Files
2025-11-30 08:35:19 +08:00

9.4 KiB

name, description
name description
debugging-pipeline-failures Use when Konflux pipelines fail, are stuck, timeout, or show errors like ImagePullBackOff. Covers PipelineRun failures, TaskRun issues (Pending, Failed, stuck Running), build errors, and systematic debugging of Tekton pipeline problems using kubectl and logs.

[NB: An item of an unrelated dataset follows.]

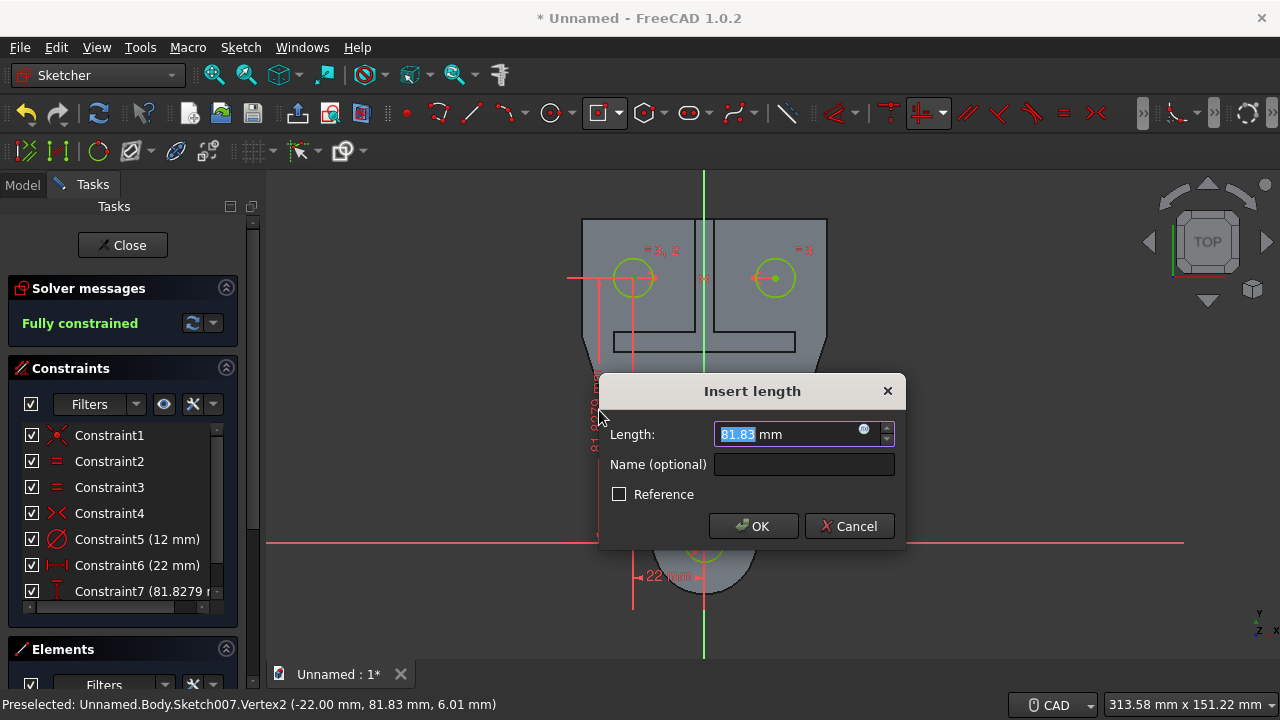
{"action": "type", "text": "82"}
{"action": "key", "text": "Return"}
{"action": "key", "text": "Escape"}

Debugging Pipeline Failures

Overview

Core Principle: Systematic investigation of Konflux CI/CD failures by correlating logs, events, and resource states to identify root causes.

Key Abbreviations:

  • PR = PipelineRun
  • TR = TaskRun
  • SA = ServiceAccount
  • PVC = PersistentVolumeClaim

When to Use

Invoke when encountering:

  • PipelineRun failures or stuck pipelines
  • TaskRun errors with unclear messages
  • Build container issues (ImagePullBackOff)
  • Resource constraints (OOMKilled, quota exceeded)
  • Pipeline timeouts
  • Workspace or volume mount failures
  • Permission errors

Quick Reference

Symptom First Check Common Cause
ImagePullBackOff Pod events, image name Registry auth, typo, missing image
TaskRun timeout Step execution time in logs Slow operation, network issues
Pending TaskRun Resource quotas, node capacity Quota exceeded, insufficient resources
Permission denied ServiceAccount, RBAC Missing Role/RoleBinding
Volume mount error PVC status, workspace config PVC not bound, wrong access mode
Exit code 127 Container logs, command Command not found, wrong image

Investigation Phases

Phase 1: Identify Failed Component

PipelineRun Status Check:

kubectl get pipelinerun <pr-name> -n <namespace>
kubectl describe pipelinerun <pr-name> -n <namespace>

Look for:

  • Overall status (Succeeded/Failed/Running)
  • Conditions and reasons
  • Which TaskRun(s) failed
  • Duration and timestamps

TaskRun Identification:

kubectl get taskruns -l tekton.dev/pipelineRun=<pr-name> -n <namespace>

Identify failed TaskRuns by status.

Phase 2: Log Analysis

Get TaskRun Pod Logs:

# Find the pod
kubectl get pods -l tekton.dev/taskRun=<tr-name> -n <namespace>

# Get logs from specific step
kubectl logs <pod-name> -c step-<step-name> -n <namespace>

# Get logs from all containers
kubectl logs <pod-name> --all-containers=true -n <namespace>

# For previous failures
kubectl logs <pod-name> -c step-<step-name> --previous -n <namespace>

What to Look For:

  • Error messages (search for "error", "failed", "fatal")
  • Exit codes
  • Last successful operation before failure
  • Timeout indicators
  • Resource exhaustion messages

Phase 3: Event Correlation

Check Kubernetes Events:

kubectl get events -n <namespace> --sort-by='.lastTimestamp'

# Filter for specific resource
kubectl get events --field-selector involvedObject.name=<pod-name> -n <namespace>

Critical Events:

  • FailedScheduling → Resource constraints
  • FailedMount → Volume/PVC issues
  • ImagePullBackOff → Registry/image problems
  • Evicted → Resource pressure

Phase 4: Resource Inspection

PipelineRun Details:

kubectl get pipelinerun <pr-name> -n <namespace> -o yaml

Check:

  • Parameters passed correctly
  • Workspace configurations
  • ServiceAccount specified
  • Timeout values

TaskRun Details:

kubectl get taskrun <tr-name> -n <namespace> -o yaml

Examine:

  • Step definitions and images
  • Resource requests/limits
  • Status.steps for individual step states
  • Conditions for failure reasons

Pod Inspection:

kubectl describe pod <pod-name> -n <namespace>

Look for:

  • Container states and exit codes
  • Resource requests vs limits
  • Volume mounts
  • Node placement

Phase 5: Root Cause Analysis

Correlate Findings:

  1. Timeline: When did failure occur?
  2. First failure: Which step/component failed first?
  3. Error pattern: Consistent or intermittent?
  4. Recent changes: New code, config, images?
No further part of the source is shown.